フレックスタイム制の正しい運用

2021/11/18|739文字

 

<スタートは法定手続から>

フレックスタイム制は、労働基準法の規定によって認められています。

この規定に定められた手続を省略して、形ばかりフレックスタイム制を導入しても、すべては違法であり無効となります。

そのポイントは次のとおりです。

・業務開始時刻と業務終了時刻は労働者が決めることにして、これを就業規則などに定めます。

・一定の事項について、会社側と労働者側とで労使協定を交わし、協定書を保管します。これを労働基準監督署長に提出する必要はありません。

 

<無効だとどうなるか>

上記の法定手続をせずに、残業時間を8時間分貯めると1日休むことができるというようなインチキな運用をしても無効です。

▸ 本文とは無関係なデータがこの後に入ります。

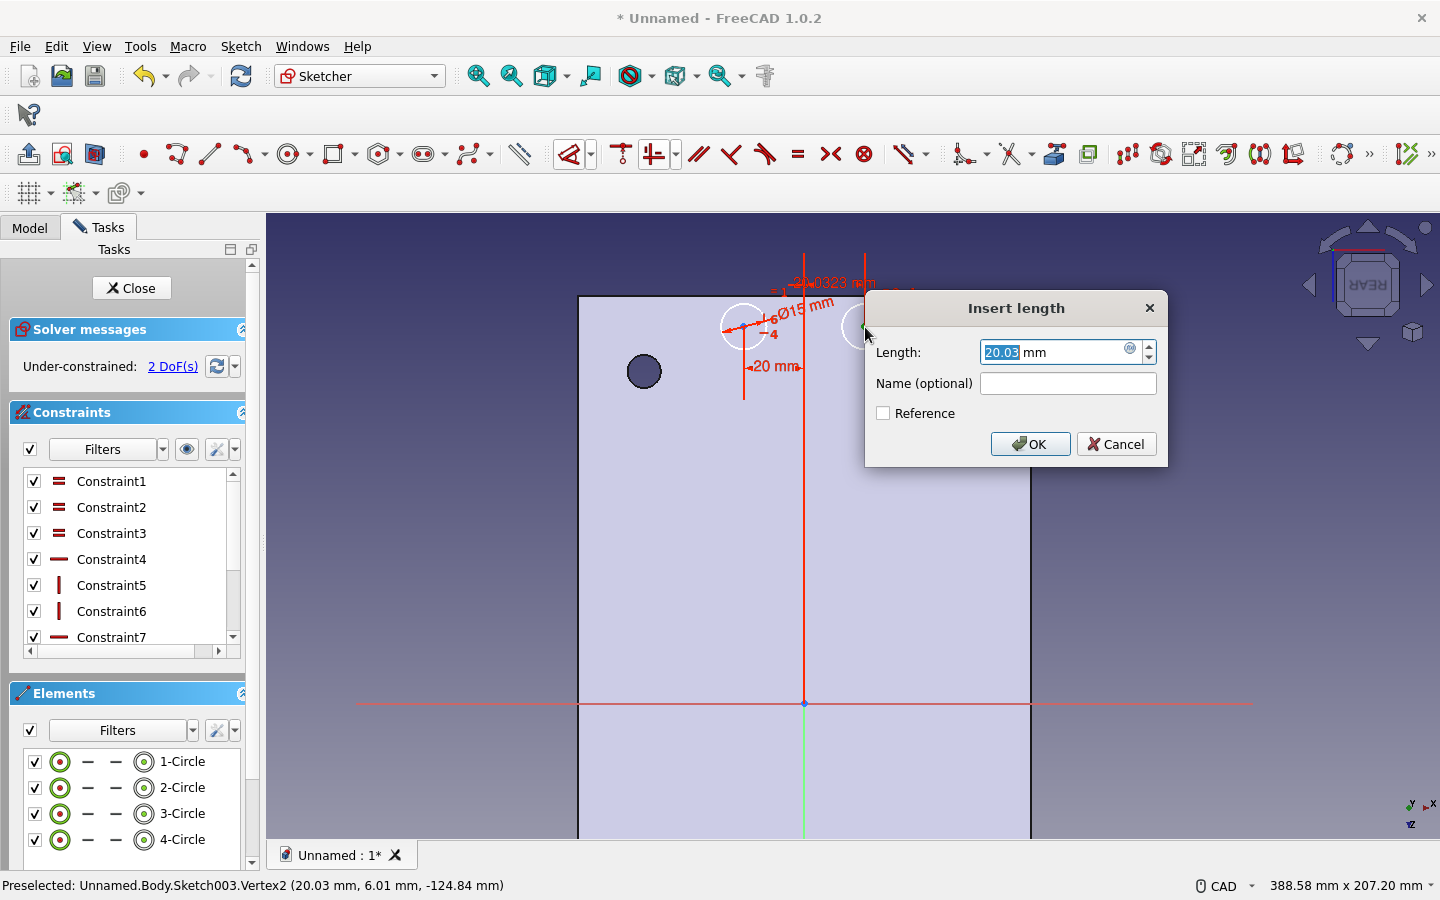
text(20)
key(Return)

無効ということは、フレックスタイム制が無いものとして賃金の計算をしなければなりません。

間違って、フレックスタイム制のルールで賃金を計算して支払ってしまった場合には、不足する差額分を追加で支払わなければなりません。

たとえば、法定労働時間を超える8時間の残業に対しては、10時間分の賃金支払が必要です。

( 8時間 × 1.25 = 10時間 )

しかも、消滅時効の関係で最大3年分遡って精算することになります。

 

<違法だとどうなるか>

正しい手続でフレックスタイム制を導入した場合を含め、次のような違法な運用が見られます。

・残業手当を支払わない。

・残業時間が発生する月は年次有給休暇を取得させない。

・残業時間を翌月の労働時間に繰り越す。

・業務開始時刻や業務終了時刻を上司など使用者が指定してしまう。

・コアタイムではない時間帯に会議を設定し参加を義務づける。

・18歳未満のアルバイトにフレックスタイム制を適用してしまう。

違法だと、労働基準法の罰則に触れるため罰せられることがあります。